Items from a data source
□ □ □ □
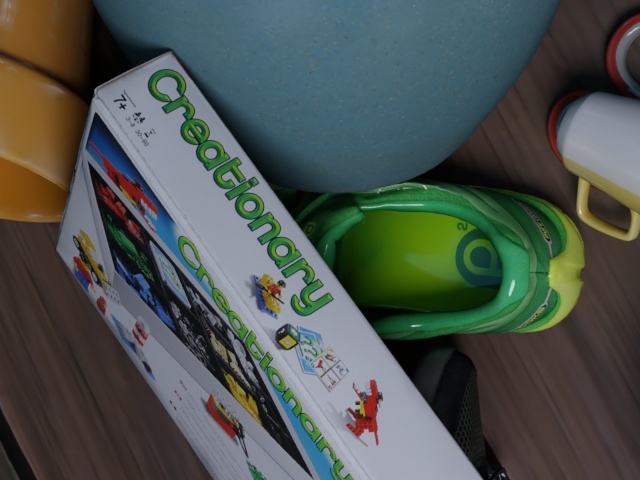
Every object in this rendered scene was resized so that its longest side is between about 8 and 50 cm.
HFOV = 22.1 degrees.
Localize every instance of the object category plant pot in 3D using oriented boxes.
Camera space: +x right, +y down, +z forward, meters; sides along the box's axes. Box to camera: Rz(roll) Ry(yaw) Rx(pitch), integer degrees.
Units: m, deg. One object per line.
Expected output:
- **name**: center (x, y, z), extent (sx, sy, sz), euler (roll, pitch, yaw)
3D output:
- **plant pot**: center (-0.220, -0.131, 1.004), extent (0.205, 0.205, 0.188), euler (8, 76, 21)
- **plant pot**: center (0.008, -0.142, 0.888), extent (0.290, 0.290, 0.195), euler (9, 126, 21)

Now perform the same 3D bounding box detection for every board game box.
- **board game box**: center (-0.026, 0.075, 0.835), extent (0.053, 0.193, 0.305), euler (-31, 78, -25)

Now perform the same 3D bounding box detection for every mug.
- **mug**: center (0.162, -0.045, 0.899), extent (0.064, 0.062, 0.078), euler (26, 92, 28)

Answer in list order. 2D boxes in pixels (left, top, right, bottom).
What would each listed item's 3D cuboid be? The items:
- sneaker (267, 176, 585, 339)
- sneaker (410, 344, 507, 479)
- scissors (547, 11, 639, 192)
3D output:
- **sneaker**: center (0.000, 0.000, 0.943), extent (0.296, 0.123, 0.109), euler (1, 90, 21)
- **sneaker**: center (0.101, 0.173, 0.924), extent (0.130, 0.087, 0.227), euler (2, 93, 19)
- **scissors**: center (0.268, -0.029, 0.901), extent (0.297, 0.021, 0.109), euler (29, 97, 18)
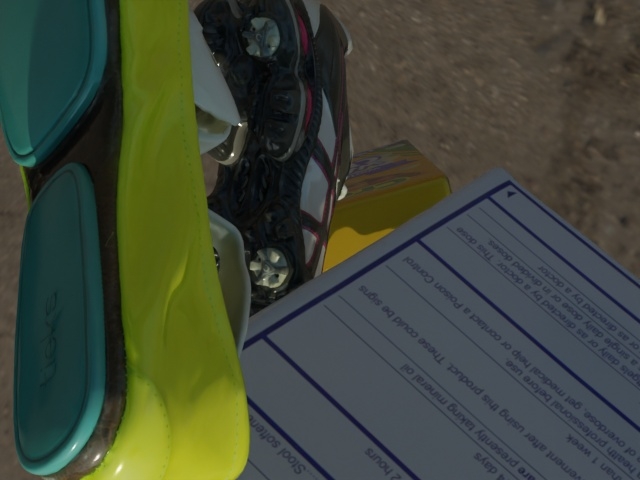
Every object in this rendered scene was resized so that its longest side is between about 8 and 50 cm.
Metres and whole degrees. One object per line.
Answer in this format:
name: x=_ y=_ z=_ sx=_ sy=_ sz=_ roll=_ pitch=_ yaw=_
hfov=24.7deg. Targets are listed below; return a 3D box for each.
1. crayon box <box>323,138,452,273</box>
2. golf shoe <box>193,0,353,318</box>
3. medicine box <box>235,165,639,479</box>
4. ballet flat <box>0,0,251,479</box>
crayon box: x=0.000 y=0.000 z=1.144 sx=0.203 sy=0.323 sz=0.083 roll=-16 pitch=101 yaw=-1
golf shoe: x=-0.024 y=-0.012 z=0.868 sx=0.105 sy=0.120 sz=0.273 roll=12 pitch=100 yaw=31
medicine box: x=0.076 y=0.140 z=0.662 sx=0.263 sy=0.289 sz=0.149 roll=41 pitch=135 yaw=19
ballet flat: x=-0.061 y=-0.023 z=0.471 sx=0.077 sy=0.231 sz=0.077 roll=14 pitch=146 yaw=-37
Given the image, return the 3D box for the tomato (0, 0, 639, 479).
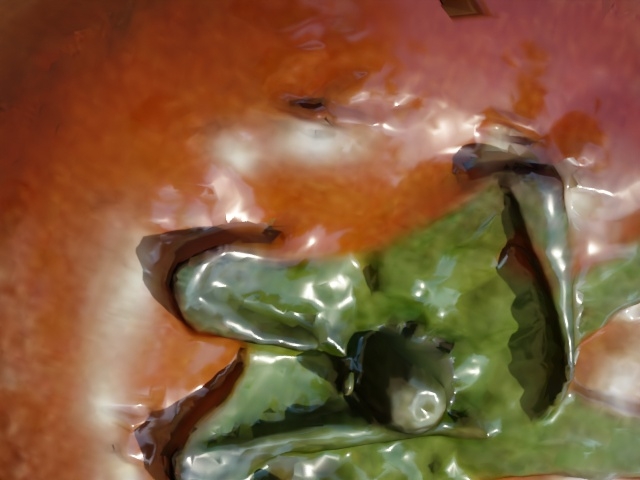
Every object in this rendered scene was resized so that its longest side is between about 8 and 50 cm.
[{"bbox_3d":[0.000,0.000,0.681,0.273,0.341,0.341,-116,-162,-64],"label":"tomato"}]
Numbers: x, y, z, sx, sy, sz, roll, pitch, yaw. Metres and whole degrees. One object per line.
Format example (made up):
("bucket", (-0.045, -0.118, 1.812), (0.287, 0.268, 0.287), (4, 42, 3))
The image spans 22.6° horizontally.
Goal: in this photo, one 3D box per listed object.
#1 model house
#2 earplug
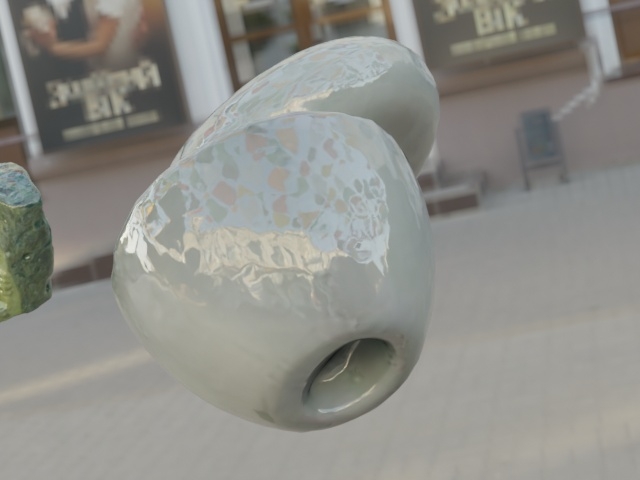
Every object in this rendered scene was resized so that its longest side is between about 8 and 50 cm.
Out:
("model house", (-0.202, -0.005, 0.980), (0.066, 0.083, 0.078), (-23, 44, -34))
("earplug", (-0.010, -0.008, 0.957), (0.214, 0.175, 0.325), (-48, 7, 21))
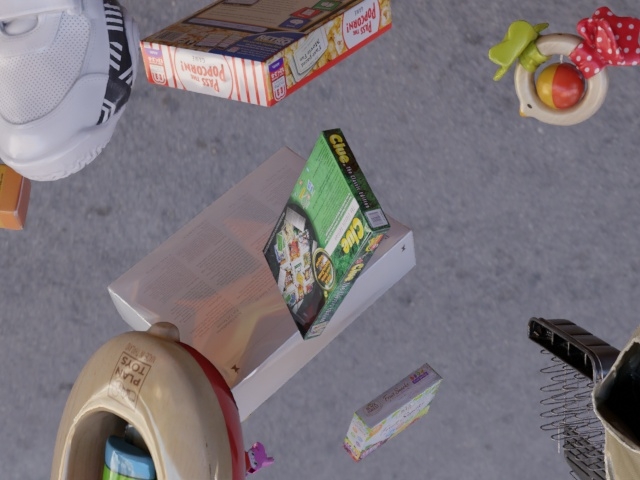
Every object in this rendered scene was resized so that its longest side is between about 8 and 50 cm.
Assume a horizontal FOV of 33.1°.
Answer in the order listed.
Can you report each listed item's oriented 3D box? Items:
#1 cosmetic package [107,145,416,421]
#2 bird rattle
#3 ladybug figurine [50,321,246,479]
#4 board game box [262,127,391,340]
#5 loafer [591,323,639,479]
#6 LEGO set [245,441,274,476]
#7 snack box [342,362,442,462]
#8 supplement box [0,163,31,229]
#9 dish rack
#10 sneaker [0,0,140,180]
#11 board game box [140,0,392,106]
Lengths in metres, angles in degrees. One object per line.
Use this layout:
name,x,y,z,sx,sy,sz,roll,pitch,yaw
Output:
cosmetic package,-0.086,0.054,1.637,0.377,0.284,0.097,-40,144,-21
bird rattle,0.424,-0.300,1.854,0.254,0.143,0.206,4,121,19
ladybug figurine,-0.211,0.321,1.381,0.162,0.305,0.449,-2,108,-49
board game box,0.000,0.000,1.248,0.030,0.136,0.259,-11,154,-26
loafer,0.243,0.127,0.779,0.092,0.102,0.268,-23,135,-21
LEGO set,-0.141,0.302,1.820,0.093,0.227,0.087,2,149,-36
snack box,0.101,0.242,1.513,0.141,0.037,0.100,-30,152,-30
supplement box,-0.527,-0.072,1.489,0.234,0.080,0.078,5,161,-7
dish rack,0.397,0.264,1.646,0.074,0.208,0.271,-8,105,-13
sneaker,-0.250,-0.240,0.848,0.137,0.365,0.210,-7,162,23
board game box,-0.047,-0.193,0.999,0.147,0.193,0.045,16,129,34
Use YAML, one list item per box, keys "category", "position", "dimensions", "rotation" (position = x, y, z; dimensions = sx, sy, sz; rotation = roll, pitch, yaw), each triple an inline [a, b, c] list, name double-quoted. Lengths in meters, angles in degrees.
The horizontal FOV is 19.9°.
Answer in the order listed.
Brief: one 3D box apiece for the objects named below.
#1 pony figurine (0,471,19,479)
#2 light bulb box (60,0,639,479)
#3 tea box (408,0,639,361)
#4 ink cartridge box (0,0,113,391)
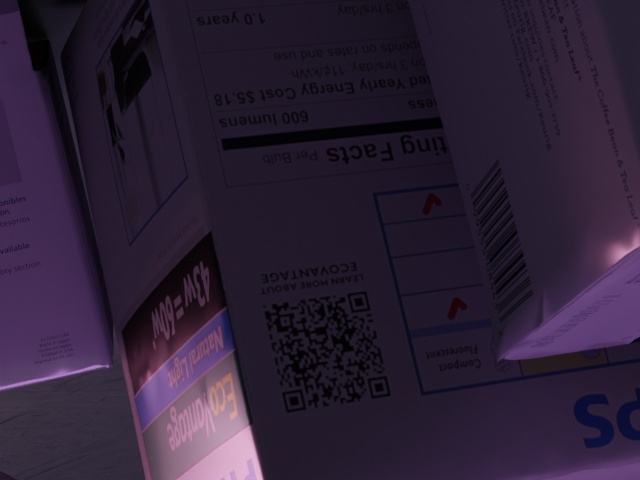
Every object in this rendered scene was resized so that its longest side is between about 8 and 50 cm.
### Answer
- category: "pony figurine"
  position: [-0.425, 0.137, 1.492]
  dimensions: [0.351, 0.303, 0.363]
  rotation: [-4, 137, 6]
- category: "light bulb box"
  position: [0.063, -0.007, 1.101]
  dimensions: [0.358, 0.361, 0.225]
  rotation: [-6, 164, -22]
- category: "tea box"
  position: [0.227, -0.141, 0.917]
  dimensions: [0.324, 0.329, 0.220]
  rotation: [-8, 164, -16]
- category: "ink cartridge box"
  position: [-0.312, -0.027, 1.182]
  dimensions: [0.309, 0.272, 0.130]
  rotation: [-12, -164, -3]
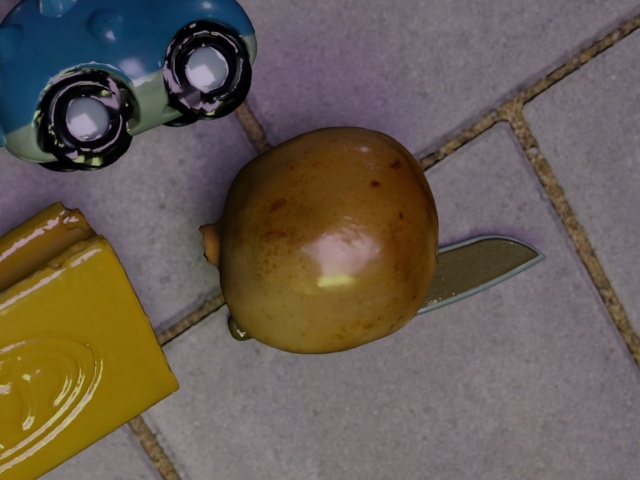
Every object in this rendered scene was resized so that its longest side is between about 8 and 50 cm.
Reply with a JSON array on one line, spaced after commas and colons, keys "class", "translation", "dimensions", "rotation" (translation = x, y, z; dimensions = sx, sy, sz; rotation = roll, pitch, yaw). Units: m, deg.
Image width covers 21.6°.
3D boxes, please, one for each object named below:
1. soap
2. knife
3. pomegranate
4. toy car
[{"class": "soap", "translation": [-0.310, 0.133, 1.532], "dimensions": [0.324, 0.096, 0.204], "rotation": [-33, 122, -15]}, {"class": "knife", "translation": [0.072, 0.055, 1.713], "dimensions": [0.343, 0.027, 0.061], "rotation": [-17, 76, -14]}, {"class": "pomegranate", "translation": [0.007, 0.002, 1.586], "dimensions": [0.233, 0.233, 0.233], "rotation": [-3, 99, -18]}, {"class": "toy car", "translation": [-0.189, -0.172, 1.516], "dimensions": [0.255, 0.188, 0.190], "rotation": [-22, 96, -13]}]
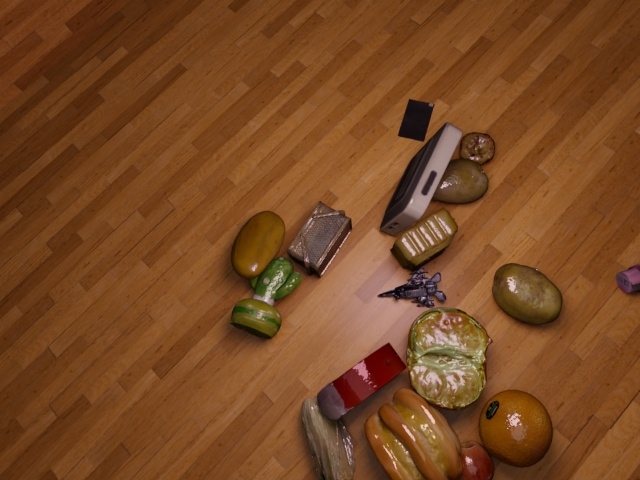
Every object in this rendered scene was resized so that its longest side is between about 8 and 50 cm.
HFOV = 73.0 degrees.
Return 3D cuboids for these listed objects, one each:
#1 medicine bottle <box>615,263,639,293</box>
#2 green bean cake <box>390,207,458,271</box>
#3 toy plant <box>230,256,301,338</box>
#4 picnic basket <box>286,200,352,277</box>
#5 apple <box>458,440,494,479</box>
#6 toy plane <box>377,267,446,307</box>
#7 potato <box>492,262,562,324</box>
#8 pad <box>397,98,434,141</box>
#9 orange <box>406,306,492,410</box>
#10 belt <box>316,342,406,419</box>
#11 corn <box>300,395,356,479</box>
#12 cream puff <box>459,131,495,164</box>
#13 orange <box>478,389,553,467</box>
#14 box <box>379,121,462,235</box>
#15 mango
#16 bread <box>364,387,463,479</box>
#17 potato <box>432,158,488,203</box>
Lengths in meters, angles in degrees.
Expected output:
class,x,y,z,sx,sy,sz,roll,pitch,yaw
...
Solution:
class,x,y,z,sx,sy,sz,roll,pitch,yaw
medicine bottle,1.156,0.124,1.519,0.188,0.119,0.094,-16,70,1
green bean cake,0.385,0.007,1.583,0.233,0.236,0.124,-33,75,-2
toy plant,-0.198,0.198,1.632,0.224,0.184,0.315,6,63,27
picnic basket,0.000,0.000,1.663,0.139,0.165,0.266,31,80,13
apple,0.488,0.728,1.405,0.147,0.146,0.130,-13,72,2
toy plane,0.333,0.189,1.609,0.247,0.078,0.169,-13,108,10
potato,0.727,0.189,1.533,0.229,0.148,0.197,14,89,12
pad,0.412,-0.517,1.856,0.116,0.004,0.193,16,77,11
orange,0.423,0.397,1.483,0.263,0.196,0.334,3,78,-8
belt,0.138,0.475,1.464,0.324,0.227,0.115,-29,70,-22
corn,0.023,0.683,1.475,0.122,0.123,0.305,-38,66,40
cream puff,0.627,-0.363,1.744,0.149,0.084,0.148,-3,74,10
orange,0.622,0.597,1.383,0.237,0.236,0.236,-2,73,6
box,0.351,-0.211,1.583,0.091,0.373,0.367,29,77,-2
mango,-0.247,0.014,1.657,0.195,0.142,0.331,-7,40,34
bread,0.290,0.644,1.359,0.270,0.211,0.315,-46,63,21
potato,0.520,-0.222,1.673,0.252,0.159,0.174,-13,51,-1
□ □ □ □
• _PROBLEM REQUIREMENTS_
Because only one stretch of the records is wanted, please output the lines from the one holding "Answer in list" through the one holding "name: x=_ y=_" exactly, both included, and leave every picture out.

• _RESPONSE TO THIS EXERCISE_
Answer in list order. 2D boxes in pixels (left, top, right, bottom).
What would each listed item's 3D cuboid be? The items:
- sneaker (267, 176, 585, 339)
- sneaker (410, 344, 507, 479)
- scissors (547, 11, 639, 192)
3D output:
- **sneaker**: center (0.000, 0.000, 0.943), extent (0.296, 0.123, 0.109), euler (1, 90, 21)
- **sneaker**: center (0.101, 0.173, 0.924), extent (0.130, 0.087, 0.227), euler (2, 93, 19)
- **scissors**: center (0.268, -0.029, 0.901), extent (0.297, 0.021, 0.109), euler (29, 97, 18)
Every object in this rendered scene was resized so that its longest side is between about 8 and 50 cm.
Metres and whole degrees. One object per line.
Answer in this format:
name: x=_ y=_ z=_ sx=_ sy=_ sz=_ roll=_ pitch=_ yaw=_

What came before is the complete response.